Adding a new programming language

Adding a new programming language to Vipera can be as easy as adding a new parser to the Olympus native code generation framework. If additional languages features over and above those provided by Olympus are required, these can be easily added to the framework. For example, new types can be added to the Abstract Syntax Tree (AST), along with their supporting code generation functions as outlined in the next article Olympus native code generation framework.

Table of Contents

  1. Simple expressions
  2. More complex expressions
  3. Typing the AST

Simple expressions

An easy way to start is to look at the vPython parser defined in the vpython.y Bison parser generator grammar file. Here, you will see how the grammar rules map to the functions defined in vpython.c that create the respective AST nodes. For example, the following Bison grammar file snippet for vPython calls the appendWhileStatement() function declared in vpython.h:

# From vpython.y grammar file
| WHILE expression COLON codeblock { $$=appendWhileStatement($2, $4); } 

The appendWhileStatement() function is simply defined in vpython.c as follows:

/* From vpython.c */
ASTexpression* appendWhileStatement(ASTexpression* expression, ASTexpression* block) {
	return ast_makeExpression(AST_WHILE, expression, block);

As we can see, it just calls the Olympus compiler framework function ast_makeExpression() with the operation AST_WHILE, the test expression and the block / body of the loop. Relational expressions are created in a similar manner, with the left-hand side expression1 and right-hand side expression2:

# From vpython.y grammar file
        : additive_expression { $$=$1; }
        | relational_expression GT additive_expression { $$=createGtExpression($1, $3); }
        | relational_expression LT additive_expression { $$=createLtExpression($1, $3); }
        | relational_expression LEQ additive_expression { $$=createLeqExpression($1, $3); }
        | relational_expression GEQ additive_expression { $$=createGeqExpression($1, $3); }
/* From vpython.c */
ASTexpression* createGtExpression(ASTexpression* expression1, ASTexpression* expression2) {
	return ast_makeExpression(AST_GT, expression1, expression2);

ASTexpression* createLtExpression(ASTexpression* expression1, ASTexpression* expression2) {
	return ast_makeExpression(AST_LT, expression1, expression2);

ASTexpression* createLeqExpression(ASTexpression* expression1, ASTexpression* expression2) {
	return ast_makeExpression(AST_LEQ, expression1, expression2);

ASTexpression* createGeqExpression(ASTexpression* expression1, ASTexpression* expression2) {
	return ast_makeExpression(AST_GEQ, expression1, expression2);

More complex expressions

More complex expression types have specific AST node types and creation functions.
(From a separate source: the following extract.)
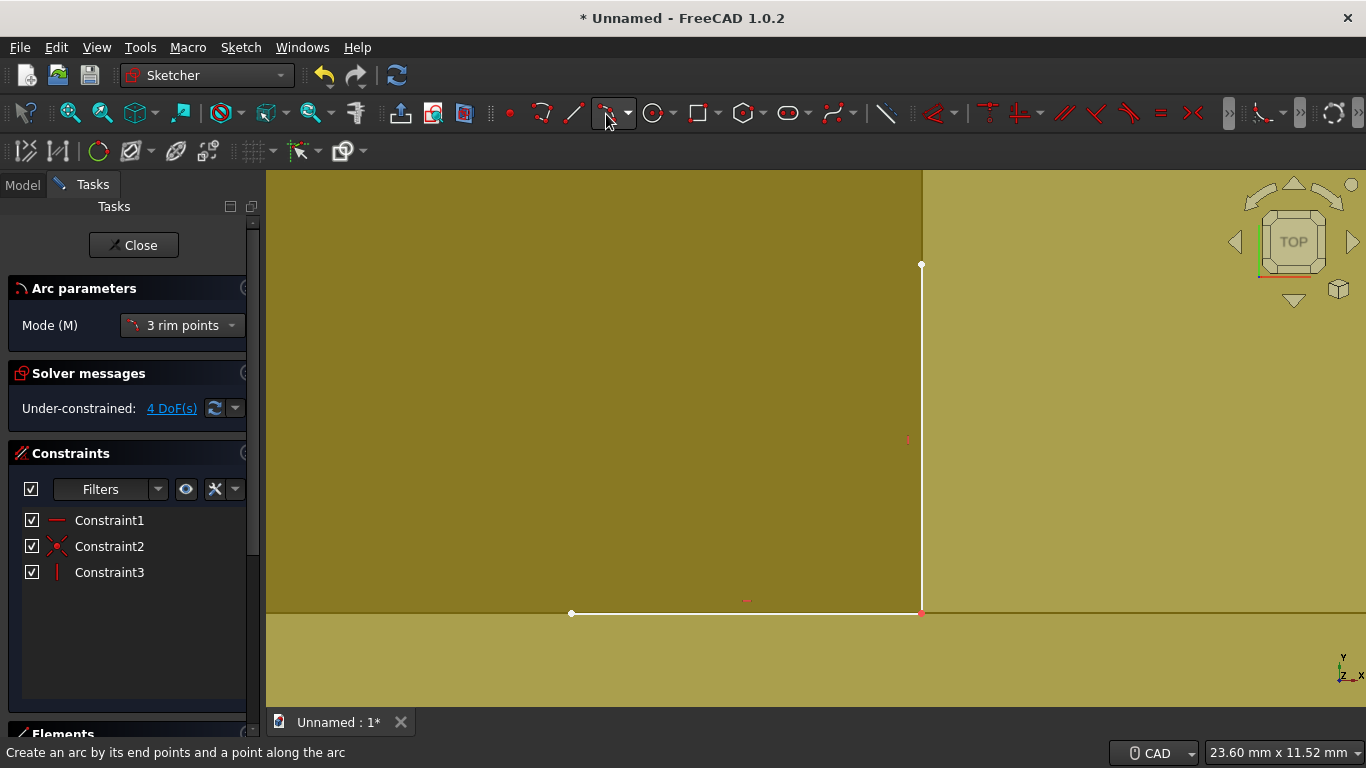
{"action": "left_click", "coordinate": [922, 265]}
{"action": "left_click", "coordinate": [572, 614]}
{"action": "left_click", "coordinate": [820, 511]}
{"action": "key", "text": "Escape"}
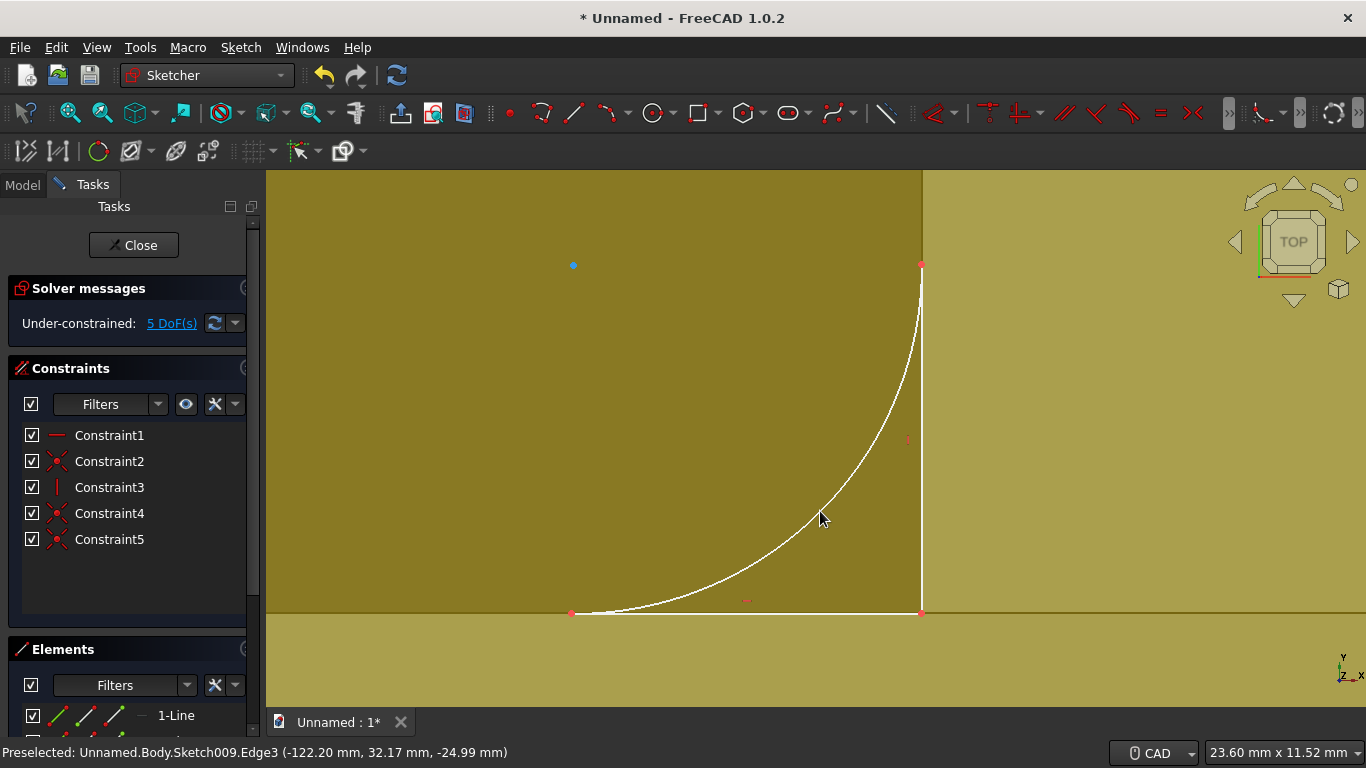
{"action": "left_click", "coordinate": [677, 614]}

For example, the if: ... else: statement:

# From vpython.y grammar file
| IF expression COLON codeblock ELSE COLON codeblock { $$=appendIfElseStatement($2, $4, $7); }
/* From vpython.c */
ASTexpression* appendIfElseStatement(ASTexpression* expressionContainer, 
                                     ASTexpression* thenBlock, 
                                     ASTexpression* elseBlock) {
  ASTstack conditions;

  PUSH(conditions, ast_makeExpression(AST_CONDITION, expressionContainer, thenBlock)); 
  return ast_makeCaseClause(&conditions, elseBlock);

Here, we create a AST_CASE node via the Olympus ast_makeCaseClause() function, which takes a list (stack) of conditional expressions and a default statement. For vPython we only create if: ... else: chains as Python does not support case statements but we use the Olympus case support with a single condition and a default statement as the else clause.

NOTE: Simple expression grammar rules could directly call the ast_makeExpression() function with the relevant ASToperation (AST_ADD, AST_GT, AST_WHILE etc.) rather than calling a function in the parser C file (e.g. vpython.c). However, for vPython, this indirection allows the same Bison grammar file to be used for both the virtual machine compiler and the Olympus native code compiler.

Typing the AST

In the case of vPython the AST nodes are traversed to perform dynamic type inferencing in order to determine the type of a variable. The type inferencer also determines the types of the function arguments and return values, creating polymorphic variants of functions, as required. This enables the generation of optimised type frozen native Olympus abstract machine code. In essence, the dynamically-typed vPython variable types are frozen until they change type. This removes the requirement to dynamically type check variables and function dispatch at runtime, greatly increasing the performance of compiled codes.

The Olympus compiler also performs a separate pass of the code for optimisation e.g. constant folding and this can be extended, as required.